Directions for this task: Provide only the number of lines in the data below that contain the string "ezdxf".

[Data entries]
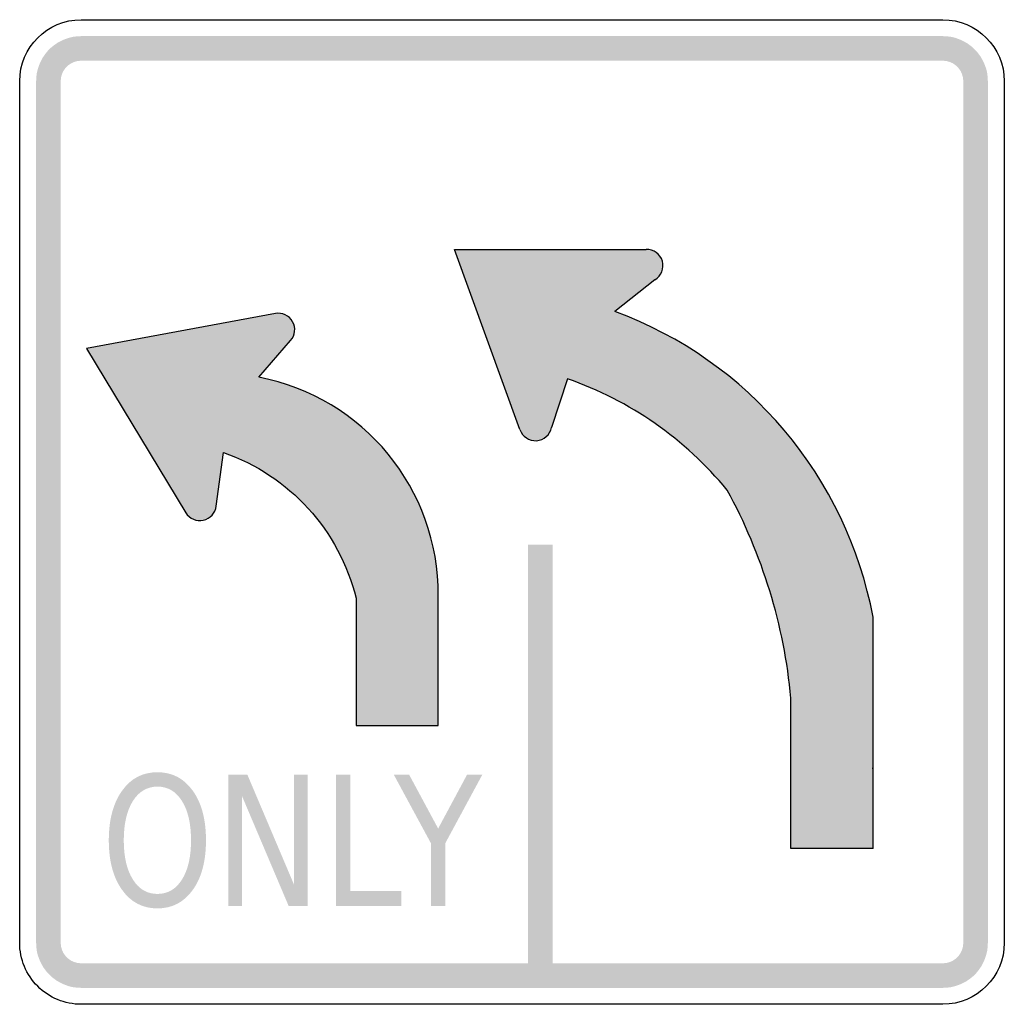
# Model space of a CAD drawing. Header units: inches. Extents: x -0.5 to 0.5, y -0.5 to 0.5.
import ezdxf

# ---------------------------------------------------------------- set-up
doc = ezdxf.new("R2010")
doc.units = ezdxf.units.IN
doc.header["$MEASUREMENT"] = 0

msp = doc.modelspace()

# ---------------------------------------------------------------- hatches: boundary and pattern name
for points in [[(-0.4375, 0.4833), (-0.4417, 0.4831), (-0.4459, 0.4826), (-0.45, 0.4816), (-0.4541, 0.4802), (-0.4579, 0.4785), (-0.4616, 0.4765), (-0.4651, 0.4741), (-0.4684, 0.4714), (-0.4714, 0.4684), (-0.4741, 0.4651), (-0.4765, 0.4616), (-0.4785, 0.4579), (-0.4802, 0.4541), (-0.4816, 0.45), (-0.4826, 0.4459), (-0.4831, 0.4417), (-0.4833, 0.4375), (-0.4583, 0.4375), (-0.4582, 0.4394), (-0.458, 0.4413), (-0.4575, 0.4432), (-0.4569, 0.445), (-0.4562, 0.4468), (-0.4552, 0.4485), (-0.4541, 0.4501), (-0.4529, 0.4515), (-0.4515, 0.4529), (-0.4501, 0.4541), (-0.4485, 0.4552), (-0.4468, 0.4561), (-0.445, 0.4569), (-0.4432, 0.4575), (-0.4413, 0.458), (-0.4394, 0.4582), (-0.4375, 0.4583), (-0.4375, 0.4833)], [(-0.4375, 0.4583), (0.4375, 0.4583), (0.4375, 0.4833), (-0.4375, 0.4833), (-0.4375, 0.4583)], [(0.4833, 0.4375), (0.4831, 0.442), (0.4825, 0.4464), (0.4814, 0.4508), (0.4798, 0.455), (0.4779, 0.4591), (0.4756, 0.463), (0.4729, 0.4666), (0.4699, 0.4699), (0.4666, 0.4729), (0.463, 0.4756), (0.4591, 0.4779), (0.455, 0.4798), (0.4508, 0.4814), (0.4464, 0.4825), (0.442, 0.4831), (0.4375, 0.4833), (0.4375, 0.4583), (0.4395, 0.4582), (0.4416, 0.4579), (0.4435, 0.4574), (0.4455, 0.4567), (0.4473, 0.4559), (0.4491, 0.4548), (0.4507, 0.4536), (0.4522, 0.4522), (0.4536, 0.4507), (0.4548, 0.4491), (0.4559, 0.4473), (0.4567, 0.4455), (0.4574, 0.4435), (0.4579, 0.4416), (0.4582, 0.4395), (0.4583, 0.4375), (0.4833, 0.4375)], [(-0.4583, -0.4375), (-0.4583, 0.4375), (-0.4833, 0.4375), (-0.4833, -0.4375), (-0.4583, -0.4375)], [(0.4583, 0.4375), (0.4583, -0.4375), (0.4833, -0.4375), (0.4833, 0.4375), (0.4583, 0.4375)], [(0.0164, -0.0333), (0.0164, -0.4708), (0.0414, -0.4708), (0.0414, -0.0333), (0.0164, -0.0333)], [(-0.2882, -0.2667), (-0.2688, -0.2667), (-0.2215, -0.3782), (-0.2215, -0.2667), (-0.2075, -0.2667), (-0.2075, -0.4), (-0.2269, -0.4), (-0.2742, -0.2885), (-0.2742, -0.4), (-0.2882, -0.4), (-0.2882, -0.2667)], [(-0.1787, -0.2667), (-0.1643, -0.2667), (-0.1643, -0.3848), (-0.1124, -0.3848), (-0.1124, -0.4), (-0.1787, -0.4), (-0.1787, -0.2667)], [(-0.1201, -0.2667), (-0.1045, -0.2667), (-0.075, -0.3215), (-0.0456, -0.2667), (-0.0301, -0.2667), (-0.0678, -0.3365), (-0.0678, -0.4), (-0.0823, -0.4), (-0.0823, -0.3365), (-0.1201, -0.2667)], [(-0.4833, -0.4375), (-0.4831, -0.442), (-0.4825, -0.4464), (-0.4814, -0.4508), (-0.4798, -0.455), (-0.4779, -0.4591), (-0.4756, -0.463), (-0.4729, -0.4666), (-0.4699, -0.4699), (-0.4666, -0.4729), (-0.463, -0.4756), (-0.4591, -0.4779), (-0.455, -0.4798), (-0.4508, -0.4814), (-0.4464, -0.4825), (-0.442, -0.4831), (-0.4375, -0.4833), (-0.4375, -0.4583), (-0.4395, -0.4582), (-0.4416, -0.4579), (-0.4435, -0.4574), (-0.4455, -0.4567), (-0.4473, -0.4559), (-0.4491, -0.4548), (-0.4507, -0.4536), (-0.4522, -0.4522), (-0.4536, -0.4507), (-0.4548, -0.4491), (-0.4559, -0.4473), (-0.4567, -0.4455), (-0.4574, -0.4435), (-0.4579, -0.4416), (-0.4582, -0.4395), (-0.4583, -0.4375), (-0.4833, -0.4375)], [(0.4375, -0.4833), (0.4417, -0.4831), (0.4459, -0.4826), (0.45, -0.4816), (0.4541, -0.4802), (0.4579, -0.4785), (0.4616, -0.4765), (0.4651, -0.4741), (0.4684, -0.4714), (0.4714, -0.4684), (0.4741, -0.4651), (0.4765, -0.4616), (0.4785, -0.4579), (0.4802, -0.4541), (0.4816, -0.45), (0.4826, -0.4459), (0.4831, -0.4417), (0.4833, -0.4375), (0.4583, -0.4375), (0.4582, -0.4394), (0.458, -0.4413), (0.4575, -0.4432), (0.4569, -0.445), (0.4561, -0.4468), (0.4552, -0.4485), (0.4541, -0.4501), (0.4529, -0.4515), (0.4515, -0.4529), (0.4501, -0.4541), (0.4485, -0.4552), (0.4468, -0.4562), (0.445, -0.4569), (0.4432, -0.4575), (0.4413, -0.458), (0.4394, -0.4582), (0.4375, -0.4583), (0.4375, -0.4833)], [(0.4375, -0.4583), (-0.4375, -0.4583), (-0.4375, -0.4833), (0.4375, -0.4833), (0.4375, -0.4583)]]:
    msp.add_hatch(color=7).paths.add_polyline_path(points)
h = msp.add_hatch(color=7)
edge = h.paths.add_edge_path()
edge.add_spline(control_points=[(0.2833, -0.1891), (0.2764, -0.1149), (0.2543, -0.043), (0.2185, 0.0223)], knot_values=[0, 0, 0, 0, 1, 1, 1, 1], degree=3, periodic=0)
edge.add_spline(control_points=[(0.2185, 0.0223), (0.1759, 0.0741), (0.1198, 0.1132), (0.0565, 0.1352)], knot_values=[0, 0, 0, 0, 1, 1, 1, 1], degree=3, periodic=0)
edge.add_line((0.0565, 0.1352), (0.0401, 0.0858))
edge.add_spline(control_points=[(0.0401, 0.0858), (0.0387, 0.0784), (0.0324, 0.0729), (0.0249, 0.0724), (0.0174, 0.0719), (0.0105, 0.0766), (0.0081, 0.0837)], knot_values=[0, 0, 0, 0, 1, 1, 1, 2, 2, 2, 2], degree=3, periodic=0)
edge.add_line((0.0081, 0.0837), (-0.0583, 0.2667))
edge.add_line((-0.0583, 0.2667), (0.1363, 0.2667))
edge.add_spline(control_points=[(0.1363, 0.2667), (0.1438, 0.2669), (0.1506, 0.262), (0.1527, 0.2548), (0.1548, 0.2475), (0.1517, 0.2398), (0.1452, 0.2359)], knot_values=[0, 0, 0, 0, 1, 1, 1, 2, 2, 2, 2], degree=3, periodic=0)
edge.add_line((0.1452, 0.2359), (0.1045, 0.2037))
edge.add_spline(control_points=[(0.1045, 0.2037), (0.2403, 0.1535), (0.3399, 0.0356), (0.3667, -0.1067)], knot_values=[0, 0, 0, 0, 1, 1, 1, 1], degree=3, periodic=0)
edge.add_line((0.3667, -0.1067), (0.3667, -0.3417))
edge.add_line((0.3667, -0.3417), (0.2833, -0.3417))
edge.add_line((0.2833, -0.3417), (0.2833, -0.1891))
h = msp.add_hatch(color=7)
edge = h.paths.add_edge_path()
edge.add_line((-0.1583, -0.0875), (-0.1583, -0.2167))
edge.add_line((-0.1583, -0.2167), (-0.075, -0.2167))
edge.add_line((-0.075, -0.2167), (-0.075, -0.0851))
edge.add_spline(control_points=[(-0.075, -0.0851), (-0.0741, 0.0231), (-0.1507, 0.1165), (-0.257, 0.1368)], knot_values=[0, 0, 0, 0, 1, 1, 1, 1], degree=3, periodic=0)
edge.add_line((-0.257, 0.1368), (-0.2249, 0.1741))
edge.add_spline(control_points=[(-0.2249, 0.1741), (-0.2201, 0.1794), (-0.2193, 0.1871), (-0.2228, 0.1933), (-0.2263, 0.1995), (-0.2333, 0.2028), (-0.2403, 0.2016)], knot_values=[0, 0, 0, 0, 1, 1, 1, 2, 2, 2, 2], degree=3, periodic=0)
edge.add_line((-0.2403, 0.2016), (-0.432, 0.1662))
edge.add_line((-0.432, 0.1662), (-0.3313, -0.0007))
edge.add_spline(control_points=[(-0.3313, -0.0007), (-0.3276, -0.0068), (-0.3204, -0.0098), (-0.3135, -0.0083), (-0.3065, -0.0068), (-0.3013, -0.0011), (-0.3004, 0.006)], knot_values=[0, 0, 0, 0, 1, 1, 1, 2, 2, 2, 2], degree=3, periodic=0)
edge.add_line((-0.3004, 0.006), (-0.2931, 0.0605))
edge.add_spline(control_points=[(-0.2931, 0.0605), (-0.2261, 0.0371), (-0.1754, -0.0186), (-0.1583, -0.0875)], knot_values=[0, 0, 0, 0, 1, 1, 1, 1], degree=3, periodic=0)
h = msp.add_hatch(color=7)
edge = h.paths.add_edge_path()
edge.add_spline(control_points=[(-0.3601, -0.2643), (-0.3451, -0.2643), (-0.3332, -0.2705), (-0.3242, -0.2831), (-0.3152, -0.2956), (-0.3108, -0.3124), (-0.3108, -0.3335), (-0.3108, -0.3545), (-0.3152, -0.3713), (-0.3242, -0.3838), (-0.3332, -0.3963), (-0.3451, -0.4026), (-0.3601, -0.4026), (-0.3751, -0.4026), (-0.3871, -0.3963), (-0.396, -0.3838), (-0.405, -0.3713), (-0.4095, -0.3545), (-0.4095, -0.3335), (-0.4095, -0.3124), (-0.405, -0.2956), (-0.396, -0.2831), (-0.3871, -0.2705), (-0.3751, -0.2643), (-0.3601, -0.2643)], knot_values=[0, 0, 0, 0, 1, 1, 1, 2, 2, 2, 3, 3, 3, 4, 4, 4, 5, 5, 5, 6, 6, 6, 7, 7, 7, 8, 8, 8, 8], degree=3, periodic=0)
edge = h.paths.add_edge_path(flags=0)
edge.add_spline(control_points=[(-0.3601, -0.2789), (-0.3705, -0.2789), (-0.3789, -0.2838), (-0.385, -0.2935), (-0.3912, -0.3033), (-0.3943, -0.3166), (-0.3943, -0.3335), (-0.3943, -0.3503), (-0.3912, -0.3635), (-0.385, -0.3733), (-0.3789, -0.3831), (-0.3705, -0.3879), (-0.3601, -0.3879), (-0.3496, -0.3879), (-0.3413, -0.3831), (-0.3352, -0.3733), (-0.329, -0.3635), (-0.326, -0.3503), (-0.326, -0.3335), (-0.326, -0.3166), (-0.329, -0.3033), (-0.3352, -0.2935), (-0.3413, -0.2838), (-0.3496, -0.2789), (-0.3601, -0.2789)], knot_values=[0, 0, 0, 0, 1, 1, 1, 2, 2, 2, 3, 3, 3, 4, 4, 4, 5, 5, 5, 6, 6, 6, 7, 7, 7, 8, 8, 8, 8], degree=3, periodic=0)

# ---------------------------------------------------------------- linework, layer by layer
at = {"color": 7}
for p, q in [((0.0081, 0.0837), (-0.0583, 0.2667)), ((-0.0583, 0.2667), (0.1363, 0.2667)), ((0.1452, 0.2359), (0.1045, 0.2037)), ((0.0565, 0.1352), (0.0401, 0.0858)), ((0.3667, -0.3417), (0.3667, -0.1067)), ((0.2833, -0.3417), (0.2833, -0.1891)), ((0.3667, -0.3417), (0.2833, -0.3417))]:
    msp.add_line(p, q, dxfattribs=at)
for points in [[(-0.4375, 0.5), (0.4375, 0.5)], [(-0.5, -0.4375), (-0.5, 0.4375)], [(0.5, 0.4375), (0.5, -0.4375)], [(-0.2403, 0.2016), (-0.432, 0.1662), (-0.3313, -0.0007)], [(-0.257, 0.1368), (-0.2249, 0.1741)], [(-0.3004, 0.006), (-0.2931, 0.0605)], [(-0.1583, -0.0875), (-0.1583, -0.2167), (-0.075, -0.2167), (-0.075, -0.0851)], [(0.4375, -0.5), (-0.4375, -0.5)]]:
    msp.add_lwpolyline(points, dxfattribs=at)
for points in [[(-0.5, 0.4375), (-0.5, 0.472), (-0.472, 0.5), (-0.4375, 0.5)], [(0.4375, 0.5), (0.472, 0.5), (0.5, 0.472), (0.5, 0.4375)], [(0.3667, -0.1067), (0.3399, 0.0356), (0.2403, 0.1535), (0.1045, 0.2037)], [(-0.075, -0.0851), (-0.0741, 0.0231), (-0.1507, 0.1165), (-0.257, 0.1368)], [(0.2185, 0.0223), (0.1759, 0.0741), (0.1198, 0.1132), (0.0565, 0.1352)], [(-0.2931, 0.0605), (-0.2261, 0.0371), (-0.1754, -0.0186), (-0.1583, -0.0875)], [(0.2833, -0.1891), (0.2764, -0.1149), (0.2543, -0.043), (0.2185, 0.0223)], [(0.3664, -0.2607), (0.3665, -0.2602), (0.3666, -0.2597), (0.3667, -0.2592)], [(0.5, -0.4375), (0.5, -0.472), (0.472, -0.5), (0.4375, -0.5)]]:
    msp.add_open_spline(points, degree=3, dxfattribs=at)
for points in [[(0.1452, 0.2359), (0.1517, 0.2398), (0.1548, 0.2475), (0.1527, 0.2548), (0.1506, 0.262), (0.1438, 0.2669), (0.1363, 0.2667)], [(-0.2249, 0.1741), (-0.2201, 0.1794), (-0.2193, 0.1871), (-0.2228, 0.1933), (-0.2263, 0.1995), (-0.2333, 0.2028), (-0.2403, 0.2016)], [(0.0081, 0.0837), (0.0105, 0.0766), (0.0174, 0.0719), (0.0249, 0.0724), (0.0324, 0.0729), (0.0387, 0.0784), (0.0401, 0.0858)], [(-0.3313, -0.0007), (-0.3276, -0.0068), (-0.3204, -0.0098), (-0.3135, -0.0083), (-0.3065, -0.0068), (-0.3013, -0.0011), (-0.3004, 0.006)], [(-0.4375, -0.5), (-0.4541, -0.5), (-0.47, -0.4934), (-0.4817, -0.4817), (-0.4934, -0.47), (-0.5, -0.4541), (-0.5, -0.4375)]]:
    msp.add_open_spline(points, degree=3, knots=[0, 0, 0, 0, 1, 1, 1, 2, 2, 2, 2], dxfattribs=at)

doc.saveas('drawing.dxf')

Answer to this problem: 3